"Интеллидженсер" - читать интересную книгу автора (Силберт Лесли)

18

Бывало ль хоть когда Злодейство столь задумано хитро И безупречно так совершено? Итамор в «Мальтийском еврее» Марло

ЛОНДОН — УТРО, МАЙ 1593

В двухстах метрах к северу от Лондонского моста, на пятом этаже полубревенчатого дома возле Линденхоллского рынка, Томас Фелиппес, стоя на коленях, открывал кедровый сундук, до краев полный одежды и бумажных листов. Но в эту минуту они его не интересовали. Требовалось ему совсем другое.

У кедрового сундука Фелиппеса фальшивого дна не было: всякий, кто обыскивает твои комнаты, обязательно проверит, нет ли его. Зато сундук снабдили своего рода фальшивым верхом — полостью внутри тяжелой крышки в два дюйма толщиной. С помощью ножа Фелиппес отодрал тонкую, покрытую бархатом панель с внутренней стороны крышки, и открылось углубление девять на двенадцать дюймов, вырезанное в цельной доске. Внутри, обложенная клочьями шерсти, покоилась оловянная шкатулка.

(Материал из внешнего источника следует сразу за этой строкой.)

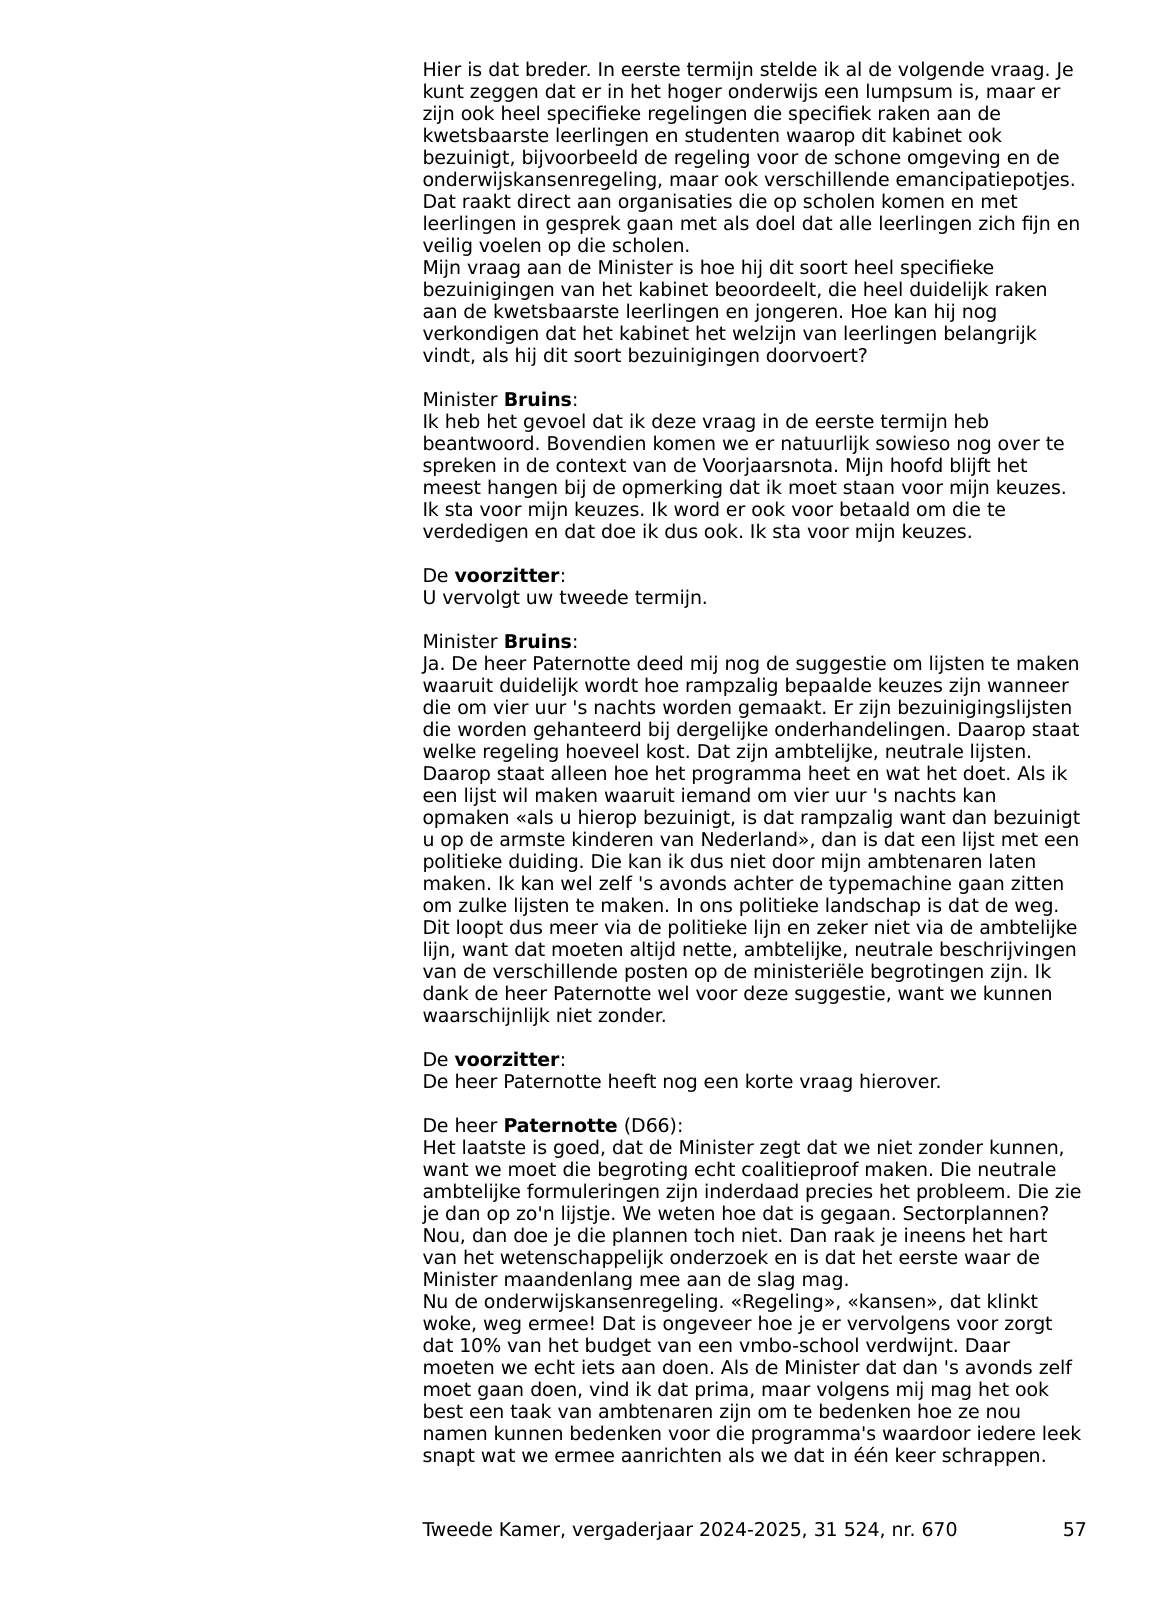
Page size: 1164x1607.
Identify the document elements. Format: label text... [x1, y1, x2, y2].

text Mijn vraag aan de Minister is hoe hij dit soort heel specifieke bezuinigingen van het kabinet beoordeelt, die heel duidelijk raken aan de kwetsbaarste leerlingen en jongeren. Hoe kan hij nog verkondigen dat het kabinet het welzijn van leerlingen belangrijk vindt, als hij dit soort bezuinigingen doorvoert? [422, 257, 1087, 367]
text Minister Bruins: [422, 389, 1087, 411]
text Nu de onderwijskansenregeling. «Regeling», «kansen», dat klinkt woke, weg ermee! Dat is ongeveer hoe je er vervolgens voor zorgt dat 10% van het budget van een vmbo-school verdwijnt. Daar moeten we echt iets aan doen. Als de Minister dat dan 's avonds zelf moet gaan doen, vind ik dat prima, maar volgens mij mag het ook best een taak van ambtenaren zijn om te bedenken hoe ze nou namen kunnen bedenken voor die programma's waardoor iedere leek snapt wat we ermee aanrichten als we dat in één keer schrappen. [422, 1291, 1087, 1467]
text De voorzitter: [422, 1049, 1087, 1071]
text De heer Paternotte (D66): [422, 1115, 1087, 1137]
text Ik heb het gevoel dat ik deze vraag in de eerste termijn heb beantwoord. Bovendien komen we er natuurlijk sowieso nog over te spreken in de context van de Voorjaarsnota. Mijn hoofd blijft het meest hangen bij de opmerking dat ik moet staan voor mijn keuzes. Ik sta voor mijn keuzes. Ik word er ook voor betaald om die te verdedigen en dat doe ik dus ook. Ik sta voor mijn keuzes. [422, 411, 1087, 543]
text Minister Bruins: [422, 631, 1087, 653]
text De heer Paternotte heeft nog een korte vraag hierover. [422, 1071, 1087, 1093]
text Het laatste is goed, dat de Minister zegt dat we niet zonder kunnen, want we moet die begroting echt coalitieproof maken. Die neutrale ambtelijke formuleringen zijn inderdaad precies het probleem. Die zie je dan op zo'n lijstje. We weten hoe dat is gegaan. Sectorplannen? Nou, dan doe je die plannen toch niet. Dan raak je ineens het hart van het wetenschappelijk onderzoek en is dat het eerste waar de Minister maandenlang mee aan de slag mag. [422, 1137, 1087, 1291]
text Ja. De heer Paternotte deed mij nog de suggestie om lijsten te maken waaruit duidelijk wordt hoe rampzalig bepaalde keuzes zijn wanneer die om vier uur 's nachts worden gemaakt. Er zijn bezuinigingslijsten die worden gehanteerd bij dergelijke onderhandelingen. Daarop staat welke regeling hoeveel kost. Dat zijn ambtelijke, neutrale lijsten. Daarop staat alleen hoe het programma heet en wat het doet. Als ik een lijst wil maken waaruit iemand om vier uur 's nachts kan opmaken «als u hierop bezuinigt, is dat rampzalig want dan bezuinigt u op de armste kinderen van Nederland», dan is dat een lijst met een politieke duiding. Die kan ik dus niet door mijn ambtenaren laten maken. Ik kan wel zelf 's avonds achter de typemachine gaan zitten om zulke lijsten te maken. In ons politieke landschap is dat de weg. Dit loopt dus meer via de politieke lijn en zeker niet via de ambtelijke lijn, want dat moeten altijd nette, ambtelijke, neutrale beschrijvingen van de verschillende posten op de ministeriële begrotingen zijn. Ik dank de heer Paternotte wel voor deze suggestie, want we kunnen waarschijnlijk niet zonder. [422, 653, 1087, 1027]
text De voorzitter: [422, 565, 1087, 587]
text Hier is dat breder. In eerste termijn stelde ik al de volgende vraag. Je kunt zeggen dat er in het hoger onderwijs een lumpsum is, maar er zijn ook heel specifieke regelingen die specifiek raken aan de kwetsbaarste leerlingen en studenten waarop dit kabinet ook bezuinigt, bijvoorbeeld de regeling voor de schone omgeving en de onderwijskansenregeling, maar ook verschillende emancipatiepotjes. Dat raakt direct aan organisaties die op scholen komen en met leerlingen in gesprek gaan met als doel dat alle leerlingen zich fijn en veilig voelen op die scholen. [422, 59, 1087, 257]
text U vervolgt uw tweede termijn. [422, 587, 1087, 609]
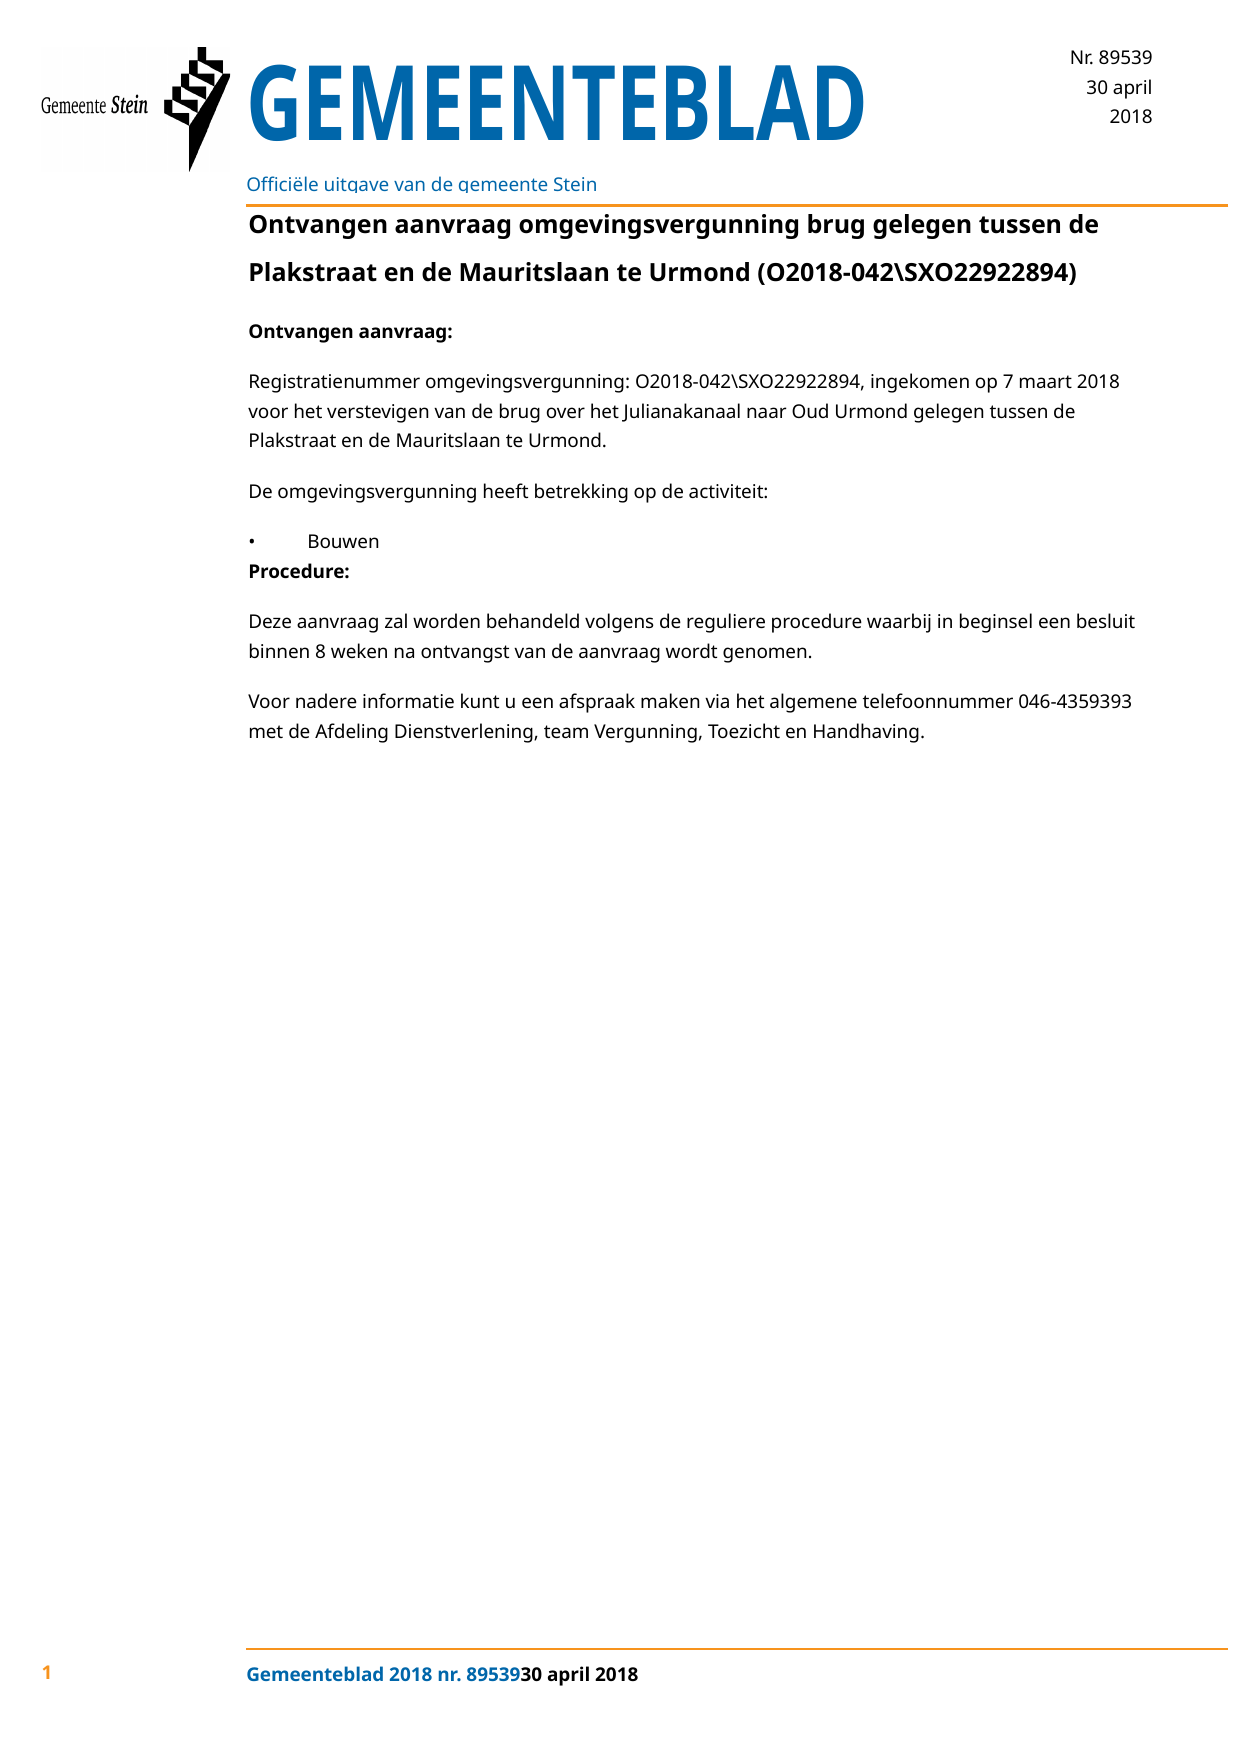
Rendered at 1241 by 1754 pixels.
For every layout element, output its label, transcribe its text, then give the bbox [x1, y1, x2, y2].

text Registratienummer omgevingsvergunning: O2018-042\SXO22922894, ingekomen op 7 maart 2018 voor het verstevigen van de brug over het Julianakanaal naar Oud Urmond gelegen tussen de Plakstraat en de Mauritslaan te Urmond. [248, 368, 1152, 453]
text De omgevingsvergunning heeft betrekking op de activiteit: [248, 478, 1152, 504]
text Deze aanvraag zal worden behandeld volgens de reguliere procedure waarbij in beginsel een besluit binnen 8 weken na ontvangst van de aanvraag wordt genomen. [248, 608, 1152, 664]
picture [41, 47, 231, 172]
text Procedure: [248, 558, 1152, 584]
text Voor nadere informatie kunt u een afspraak maken via het algemene telefoonnummer 046-4359393 met de Afdeling Dienstverlening, team Vergunning, Toezicht en Handhaving. [248, 688, 1152, 744]
text Ontvangen aanvraag omgevingsvergunning brug gelegen tussen de Plakstraat en de Mauritslaan te Urmond (O2018-042\SXO22922894) [248, 207, 1152, 288]
list Bouwen [248, 528, 1152, 554]
text Ontvangen aanvraag: [248, 318, 1152, 344]

Фелиппес отнес ее через всю комнату к столу. Ухватил двумя пальцами черный шелковый шнурок, никогда не покидавший его шеи, и извлек из-под нижней рубашки медный ключик. Нагнувшись, он отпер шкатулку, поднял крышку и любовно посмотрел на самое драгоценное свое сокровище — пачку бумаг, которые он отобрал из хранившихся у покойного Фрэнсиса Уолсингема. Свой арсенал секретов.

Сразу после смерти Уолсингема Фелиппес тайком унес его бумаги к себе домой, донесения, которые показались ему полезными, припрятал, а остальные вернул на место. После десятков лет верной службы он, бесспорно, их заслужил, но Тайный совет официально объявил документы украденной собственностью, а у Фелиппеса не было ни малейшего желания оказаться арестованным за воровство.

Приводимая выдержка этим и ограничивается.